Art Wise is steaming mad. He has been fishing Grand Lake for the better part of a century and claims the fishing has never been worse.
Now he is turning to the state for answers.
"You just can't go out and catch fish anymore," said Wise, 62, who owns property on West Bank Road and lives in Lawrenceburg, Ind.
He said 10 to 15 years ago there was always somewhere along the lake to catch fish - but not anymore.
Wise has been coming to the lake since he was 5 for family vacations. When he was in his 30s with a family of his own, he returned to the lake to vacation and fish.
Doug Maloney, the fish management supervisor for the Ohio Department of Natural Resources Wildlife Division, said, "He is right on. The lake over the last four years is on a down cycle for crappie."
Crappie, Wise's fish of choice, has fallen on hard times in Grand Lake. According to a state survey, it takes 10 to 12 times longer to catch a crappie today than it did in 1987.
Compare this to the time it takes to catch a bass, which has stayed the same, or a catfish, which is twice as easy today.
Maloney blames only mother nature for much of this. Everything from cold weather during their hatch to bass eating the crappie fry could be an explanation, he said. One bad year can start a downward cycle, he said.
As far as a solution goes, there won't be change anytime soon.
"Unfortunately for crappie anglers, I don't see a magic bullet to guarantee a great crappie hatch next year," he said.
Wise doesn't like that answer.
"That is so generic," Wise said. "Why don't they bring in an outside agency?"
Wise said in the last few years the only thing to change in the lake was increased walleye fry and fingerlings, placed there by the state. And that is why Wise would like to see a private expert come to the lake, citing that the state won't publish a study saying they hurt crappie fishing.
Wise also said pollution is not the problem, because fishing was great in the 50s and the water was just as polluted.
Maloney agrees that the water isn't the main problem, this time at least.
"In my best professional opinion, I couldn't make that claim. Crappie populations can fluctuate drastically, having nothing to do with water quality," he said.
But that isn't to say that better water isn't his goal. Maloney claims that the surest way to long-term good fishing is to maintain good water by reducing eroded soil and nutrients that make their way into the water.

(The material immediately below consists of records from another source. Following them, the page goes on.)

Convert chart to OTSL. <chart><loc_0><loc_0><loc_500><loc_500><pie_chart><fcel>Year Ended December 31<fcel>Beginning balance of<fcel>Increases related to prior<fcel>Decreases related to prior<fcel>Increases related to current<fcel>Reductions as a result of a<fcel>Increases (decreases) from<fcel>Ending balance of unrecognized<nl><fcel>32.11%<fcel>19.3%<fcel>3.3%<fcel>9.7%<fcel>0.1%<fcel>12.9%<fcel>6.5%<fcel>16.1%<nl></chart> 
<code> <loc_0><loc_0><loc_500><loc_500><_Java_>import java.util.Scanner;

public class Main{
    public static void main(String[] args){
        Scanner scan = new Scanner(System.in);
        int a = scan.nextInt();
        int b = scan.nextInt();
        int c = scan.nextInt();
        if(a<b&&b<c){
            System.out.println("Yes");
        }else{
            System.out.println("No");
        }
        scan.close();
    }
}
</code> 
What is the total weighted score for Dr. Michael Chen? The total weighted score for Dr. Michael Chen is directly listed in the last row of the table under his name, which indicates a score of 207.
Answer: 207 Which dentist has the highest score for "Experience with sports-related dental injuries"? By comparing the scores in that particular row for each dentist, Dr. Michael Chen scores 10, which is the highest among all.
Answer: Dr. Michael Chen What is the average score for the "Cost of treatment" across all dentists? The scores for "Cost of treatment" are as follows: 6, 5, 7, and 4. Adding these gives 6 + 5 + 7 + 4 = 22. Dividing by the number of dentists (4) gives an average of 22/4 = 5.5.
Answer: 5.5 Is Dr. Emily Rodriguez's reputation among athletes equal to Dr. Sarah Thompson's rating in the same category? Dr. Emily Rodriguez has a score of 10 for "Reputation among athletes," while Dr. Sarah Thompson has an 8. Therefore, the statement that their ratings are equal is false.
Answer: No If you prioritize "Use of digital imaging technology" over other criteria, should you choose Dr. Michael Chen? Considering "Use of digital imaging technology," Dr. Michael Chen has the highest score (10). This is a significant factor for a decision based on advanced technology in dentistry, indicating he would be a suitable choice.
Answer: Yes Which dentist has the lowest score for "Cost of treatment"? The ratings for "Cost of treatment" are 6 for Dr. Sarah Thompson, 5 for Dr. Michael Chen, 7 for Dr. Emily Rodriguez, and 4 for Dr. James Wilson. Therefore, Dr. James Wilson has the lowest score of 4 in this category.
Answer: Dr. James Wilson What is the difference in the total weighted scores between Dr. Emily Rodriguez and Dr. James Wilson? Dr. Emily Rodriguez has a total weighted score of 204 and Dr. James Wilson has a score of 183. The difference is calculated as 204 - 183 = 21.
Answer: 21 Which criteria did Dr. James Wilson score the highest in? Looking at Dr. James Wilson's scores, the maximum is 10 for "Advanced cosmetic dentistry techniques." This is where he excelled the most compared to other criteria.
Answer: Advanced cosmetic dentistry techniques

State legislators already have proposed a bill that they think could help the lake. House Bill 235 is supported by Ohio Game Fishers and Environment Ohio for this reason. It would require all discharges of sewage and partially treated sewage into waterways and on land in the watershed to be reported to various media outlets and government officials. That way people could know where not to fish.
It would also, in theory, decrease the amount of such discharges, which would in turn decrease the amount of nutrients in the lake. The nutrients cause the growth of algae, robbing the water of oxygen needed for fish to survive.

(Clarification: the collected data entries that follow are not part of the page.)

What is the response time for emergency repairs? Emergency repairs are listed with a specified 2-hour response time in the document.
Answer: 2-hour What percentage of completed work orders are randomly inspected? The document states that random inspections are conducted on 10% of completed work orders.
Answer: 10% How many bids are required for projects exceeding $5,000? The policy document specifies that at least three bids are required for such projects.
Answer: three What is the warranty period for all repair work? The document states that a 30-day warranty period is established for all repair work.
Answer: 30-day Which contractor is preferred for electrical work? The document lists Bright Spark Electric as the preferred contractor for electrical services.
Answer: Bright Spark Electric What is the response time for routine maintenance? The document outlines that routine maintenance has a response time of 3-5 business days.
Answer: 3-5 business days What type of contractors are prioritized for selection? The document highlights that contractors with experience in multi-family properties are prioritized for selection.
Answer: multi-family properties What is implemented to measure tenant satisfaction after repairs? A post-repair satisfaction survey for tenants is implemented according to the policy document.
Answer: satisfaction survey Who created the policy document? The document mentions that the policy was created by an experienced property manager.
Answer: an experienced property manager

The bill currently is in committee where local Rep. Jim Zehringer is the vice chair. He said notification of sewage discharge is a step in the right direction, but it isn't enough. He advocates increased funding to small communities and villages to fund their own sewer systems, rather than focusing on combined sewer systems.
Wise won't be satisfied with the state's findings until there is some independent research done, he said. The death of fishing in the lake started about 10 years ago, he said, and he won't be happy until it is fixed.